→ **AIM OF THE EXERCISE**:
Only the number is needed. Please count the lines below in which the word "Units" occurs.

*** LISTED ENTRIES ***

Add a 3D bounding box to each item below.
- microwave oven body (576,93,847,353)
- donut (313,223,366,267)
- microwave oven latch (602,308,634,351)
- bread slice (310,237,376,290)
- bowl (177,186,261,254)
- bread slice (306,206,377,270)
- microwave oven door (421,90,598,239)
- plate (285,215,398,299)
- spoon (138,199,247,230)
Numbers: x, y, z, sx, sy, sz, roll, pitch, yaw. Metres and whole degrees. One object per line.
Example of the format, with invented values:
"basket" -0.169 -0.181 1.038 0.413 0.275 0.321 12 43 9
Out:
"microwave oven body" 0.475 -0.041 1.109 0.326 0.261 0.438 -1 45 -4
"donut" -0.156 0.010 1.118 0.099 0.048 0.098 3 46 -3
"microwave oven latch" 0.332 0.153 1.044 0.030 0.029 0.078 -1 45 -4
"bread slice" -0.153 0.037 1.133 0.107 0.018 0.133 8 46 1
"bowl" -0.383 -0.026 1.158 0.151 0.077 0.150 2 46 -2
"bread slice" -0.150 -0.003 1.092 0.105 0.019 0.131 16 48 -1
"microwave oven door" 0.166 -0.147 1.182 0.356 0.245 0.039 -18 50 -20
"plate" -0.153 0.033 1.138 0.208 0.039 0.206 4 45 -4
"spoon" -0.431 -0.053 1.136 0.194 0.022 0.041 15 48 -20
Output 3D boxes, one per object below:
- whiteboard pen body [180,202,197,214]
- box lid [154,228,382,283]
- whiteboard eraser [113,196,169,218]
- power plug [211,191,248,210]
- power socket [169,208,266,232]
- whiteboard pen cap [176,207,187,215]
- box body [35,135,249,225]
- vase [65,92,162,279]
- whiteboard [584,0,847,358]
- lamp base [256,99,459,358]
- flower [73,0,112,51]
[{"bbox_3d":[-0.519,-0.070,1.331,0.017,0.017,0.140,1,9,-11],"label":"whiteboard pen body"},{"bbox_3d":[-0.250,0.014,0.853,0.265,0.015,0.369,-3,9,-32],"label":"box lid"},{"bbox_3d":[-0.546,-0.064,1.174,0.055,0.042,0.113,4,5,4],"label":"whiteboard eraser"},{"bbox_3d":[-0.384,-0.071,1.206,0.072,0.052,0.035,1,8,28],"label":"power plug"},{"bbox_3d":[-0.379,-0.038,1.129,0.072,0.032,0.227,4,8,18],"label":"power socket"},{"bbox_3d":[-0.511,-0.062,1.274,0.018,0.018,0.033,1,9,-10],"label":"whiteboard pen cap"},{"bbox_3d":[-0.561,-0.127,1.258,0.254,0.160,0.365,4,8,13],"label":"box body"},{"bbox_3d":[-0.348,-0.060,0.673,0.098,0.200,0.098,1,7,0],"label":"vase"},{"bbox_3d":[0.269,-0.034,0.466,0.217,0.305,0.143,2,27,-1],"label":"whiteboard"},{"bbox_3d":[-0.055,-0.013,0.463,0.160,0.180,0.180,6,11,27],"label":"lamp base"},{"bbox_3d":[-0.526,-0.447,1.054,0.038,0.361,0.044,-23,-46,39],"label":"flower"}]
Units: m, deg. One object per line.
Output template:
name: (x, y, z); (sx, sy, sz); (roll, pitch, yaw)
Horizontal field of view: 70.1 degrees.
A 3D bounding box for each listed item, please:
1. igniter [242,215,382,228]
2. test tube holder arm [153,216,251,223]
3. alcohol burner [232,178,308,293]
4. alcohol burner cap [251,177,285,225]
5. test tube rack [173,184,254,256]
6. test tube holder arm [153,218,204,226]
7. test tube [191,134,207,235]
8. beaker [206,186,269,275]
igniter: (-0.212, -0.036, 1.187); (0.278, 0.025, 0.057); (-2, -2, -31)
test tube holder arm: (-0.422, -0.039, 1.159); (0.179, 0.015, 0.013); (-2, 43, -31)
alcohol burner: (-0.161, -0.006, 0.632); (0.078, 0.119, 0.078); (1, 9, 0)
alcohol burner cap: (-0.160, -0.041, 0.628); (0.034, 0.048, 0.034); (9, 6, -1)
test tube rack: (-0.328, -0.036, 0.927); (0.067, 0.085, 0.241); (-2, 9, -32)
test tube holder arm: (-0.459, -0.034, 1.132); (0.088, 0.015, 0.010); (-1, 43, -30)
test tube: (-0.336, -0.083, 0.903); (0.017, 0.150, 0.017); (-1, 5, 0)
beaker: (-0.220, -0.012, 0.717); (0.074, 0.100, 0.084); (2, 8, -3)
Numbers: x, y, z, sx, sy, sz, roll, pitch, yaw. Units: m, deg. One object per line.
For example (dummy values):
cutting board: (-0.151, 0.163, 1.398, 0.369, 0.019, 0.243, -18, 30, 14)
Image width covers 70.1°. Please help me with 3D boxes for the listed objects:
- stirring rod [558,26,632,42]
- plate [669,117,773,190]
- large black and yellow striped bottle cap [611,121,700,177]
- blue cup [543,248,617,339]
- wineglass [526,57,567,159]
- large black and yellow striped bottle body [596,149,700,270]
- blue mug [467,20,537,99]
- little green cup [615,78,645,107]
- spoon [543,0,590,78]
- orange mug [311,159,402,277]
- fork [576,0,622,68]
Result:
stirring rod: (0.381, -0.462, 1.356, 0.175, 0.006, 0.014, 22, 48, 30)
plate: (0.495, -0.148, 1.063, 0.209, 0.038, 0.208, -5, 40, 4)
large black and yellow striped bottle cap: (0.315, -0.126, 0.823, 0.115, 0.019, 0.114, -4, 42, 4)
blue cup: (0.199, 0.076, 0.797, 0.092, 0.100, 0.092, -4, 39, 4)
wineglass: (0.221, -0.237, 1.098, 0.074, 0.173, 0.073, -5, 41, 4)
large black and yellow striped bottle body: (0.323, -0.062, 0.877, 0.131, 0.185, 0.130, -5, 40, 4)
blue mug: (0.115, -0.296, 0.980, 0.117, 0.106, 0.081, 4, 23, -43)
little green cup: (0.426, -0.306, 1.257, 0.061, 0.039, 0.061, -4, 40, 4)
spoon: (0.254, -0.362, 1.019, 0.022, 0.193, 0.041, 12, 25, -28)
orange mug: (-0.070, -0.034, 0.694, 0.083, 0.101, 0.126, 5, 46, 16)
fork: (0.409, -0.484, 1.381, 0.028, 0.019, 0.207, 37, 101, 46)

*** End of LISTED ENTRIES ***

→ **SOLVED EXERCISE**:
2